Atualização do Regulamento de Exploração do Porto de Santos

A SPA revisou e atualizou o Regulamento de Exploração do Porto de Santos (REP) para simplificar a consulta de informações e facilitar o seu entendimento pelos usuários do complexo portuário. O REP é um instrumento de gestão da Autoridade Portuária onde estão estabelecidas as regras de funcionamento das atividades portuárias tais como a exploração comercial do Porto, a utilização das instalações portuárias operacionais e de acesso aquaviário de uso público, entre outras.

Revisão de Credenciamento Pátios Reguladores 

No último bimestre de 2020 a área de Operações reformulou as regras para credenciamento de pátios reguladores, visando a redução da burocracia nos procedimentos.
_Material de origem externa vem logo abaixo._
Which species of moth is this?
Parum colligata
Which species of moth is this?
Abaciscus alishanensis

Dentro da logística de chegada ao Porto, esses pátios atuam em complemento ao sistema de agendamento, melhorando a fluidez na chegada dos caminhões e, em situações de contingência, funcionam como verdadeiros pulmões para receber os veículos que trafegam nas estradas com destino ao porto. As regras até então vigentes impunham restrições às empresas que procuravam credenciar seus pátios, resultando em aumento de custos para os usuários. A revisão promove um ambiente mais aberto e simplificado, facilitando o processo de credenciamento, sem descuidar do bem-estar dos caminhoneiros.

Segurança Portuária

A Comissão Nacional de Segurança Pública nos Portos, Terminais e Vias Navegáveis (Conportos) homologou, em novembro, o Estudo de Avaliação de Risco (EAR) da SPA. No mês seguinte, a Superintendência da Guarda Portuária encaminhou proposta do Plano de Segurança Pública Portuária (PSPP) à Comissão Estadual de Segurança Pública nos Portos, Terminais e Vias Navegáveis (Cesportos).
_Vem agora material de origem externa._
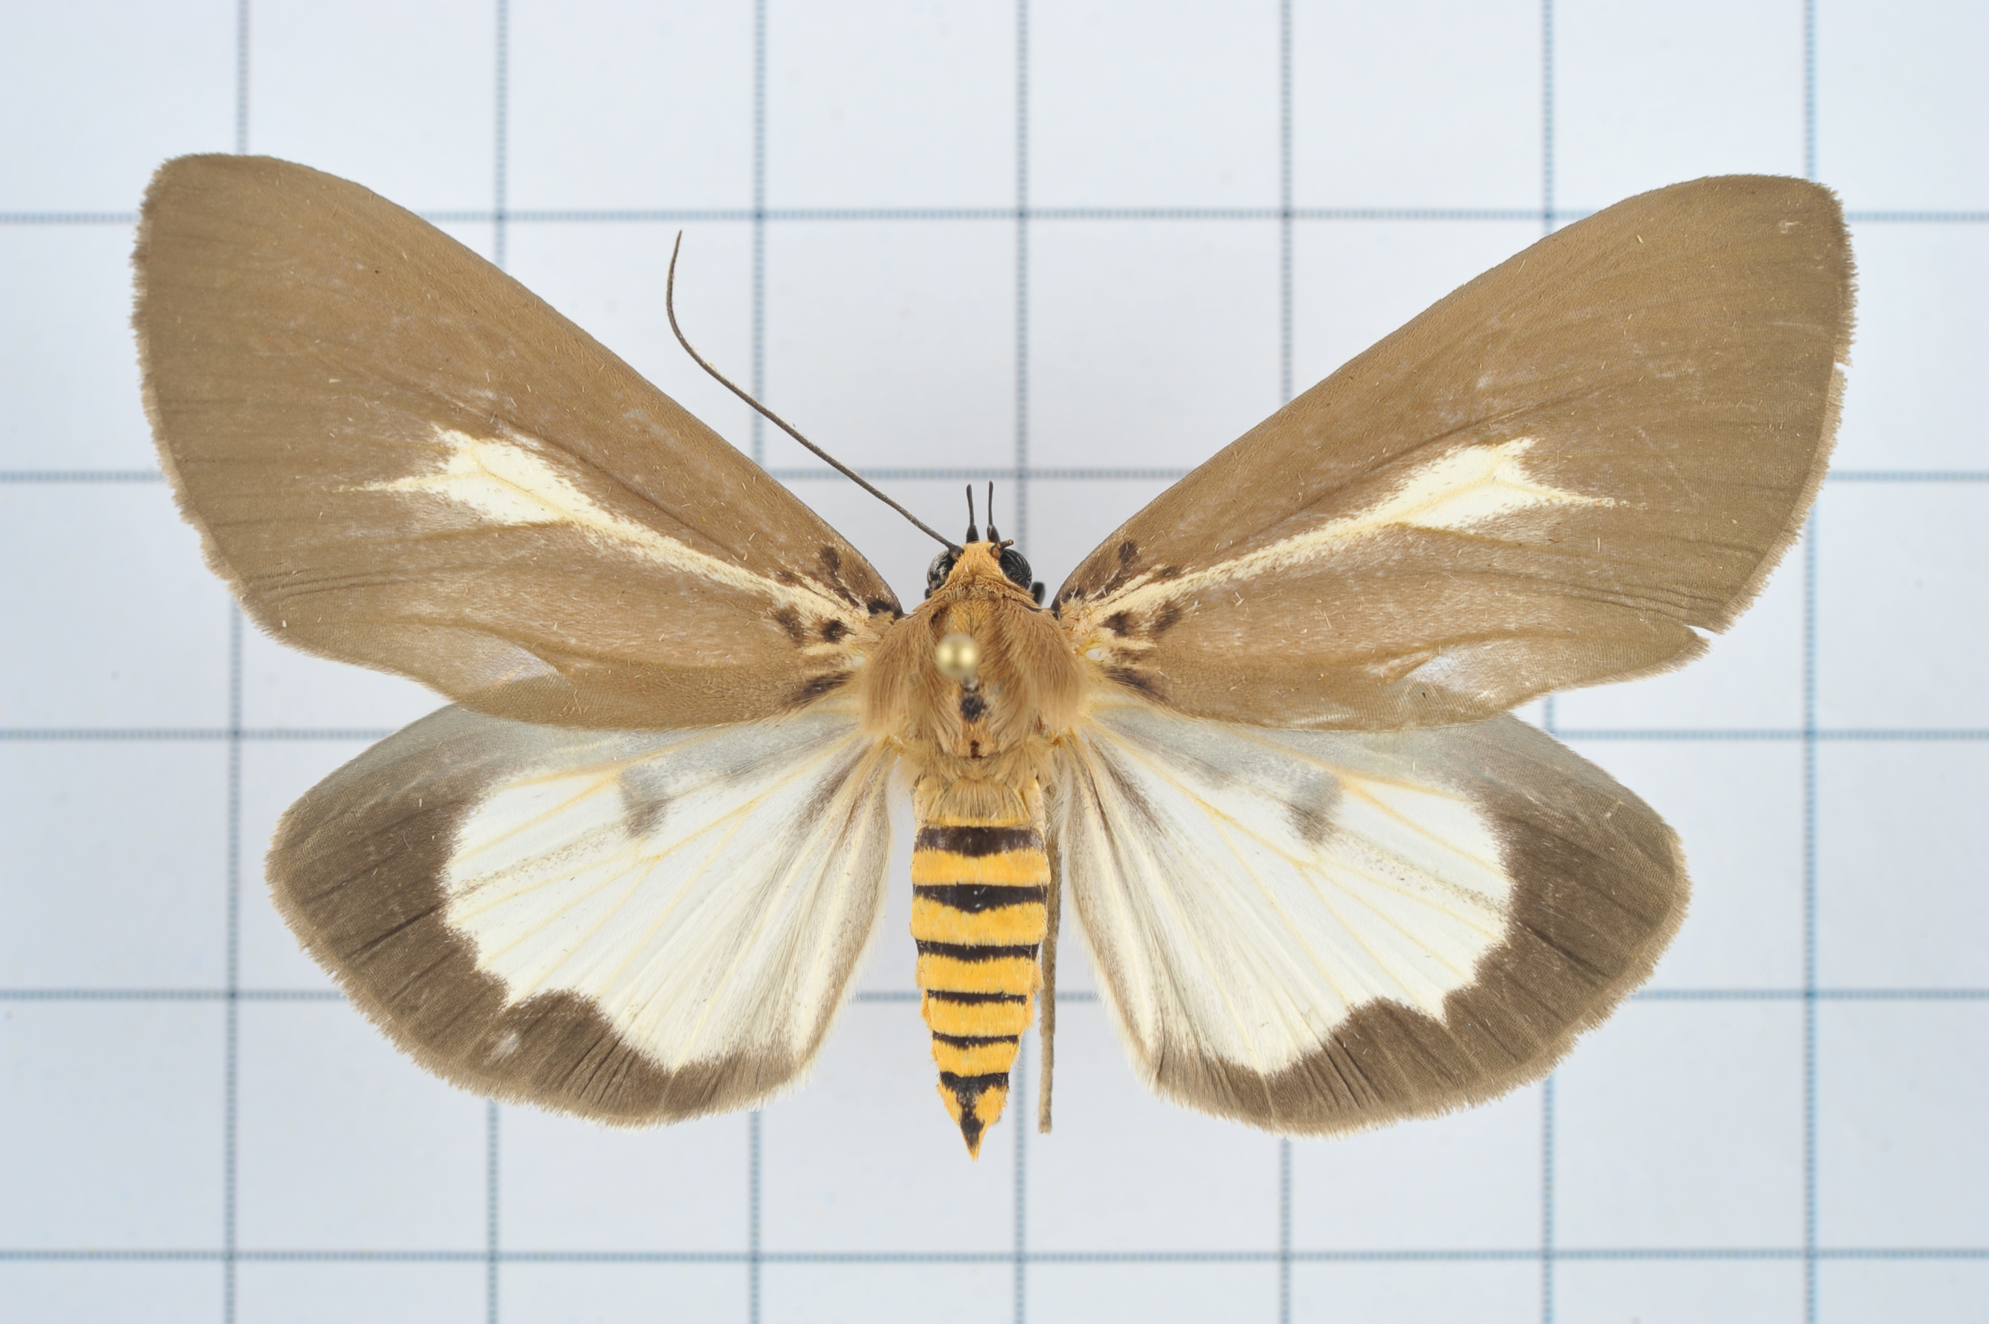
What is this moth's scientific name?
Asota heliconia zebrina

Outra importante meta da Guarda Portuária é a implantação, prevista para janeiro de 2021, de procedimentos operacionais padrão, que servirão de base para sua atuação. O treinamento com esse propósito foi concretizado por meio de curso online, com 200 horas, disponibilizado no AVA da SPA, iniciado em agosto e concluído em dezembro. Ainda no que se refere à formação e treinamento dos integrantes da Guarda Portuária, foi implementado em 2020 um calendário de exercícios, simulados e treinamentos. Outro cronograma foi elaborado para ser viabilizado no próximo ano, contemplando 125 atividades, com 14 tipos de exercícios que atendem ao estabelecido no Código Internacional para Proteção de Navios e Instalações Portuárias (ISPS Code).

A Guarda Portuária iniciou neste ano, em conjunto com a área de Tecnologia da Informação, os trabalhos visando à implantação de um novo sistema, objetivando unificar e modernizar os sistemas encarregados pela manutenção do banco de dados que dá suporte ao credenciamento, motivação e controle do acesso de pessoas e veículos às áreas restritas do Porto Organizado. Essa iniciativa é importante para a manutenção da certificação do PSPP e tem previsão para conclusão em abril de 2021.

Com relação ao monitoramento das instalações portuárias, foram instaladas câmeras CFTV em todos os gates ativos que dão acesso à área restrita, tanto nas salas técnicas como nas áreas internas utilizadas pelos guardas portuários, bem como implementadas medidas adicionais para melhoria da segurança nas instalações do Centro de Controle, Comunicação, Operação e Monitoramento da Guarda Portuária (CCCOM). Além disso, foi realizada uma readequação dos gates e das subsedes da Guarda Portuária, com previsão da transferência do Centro de Operações de Segurança (COS) da margem esquerda para a Ilha Barnabé, com intuito de reduzir o tempo de resposta da Brigada de Incêndio a eventuais ocorrências.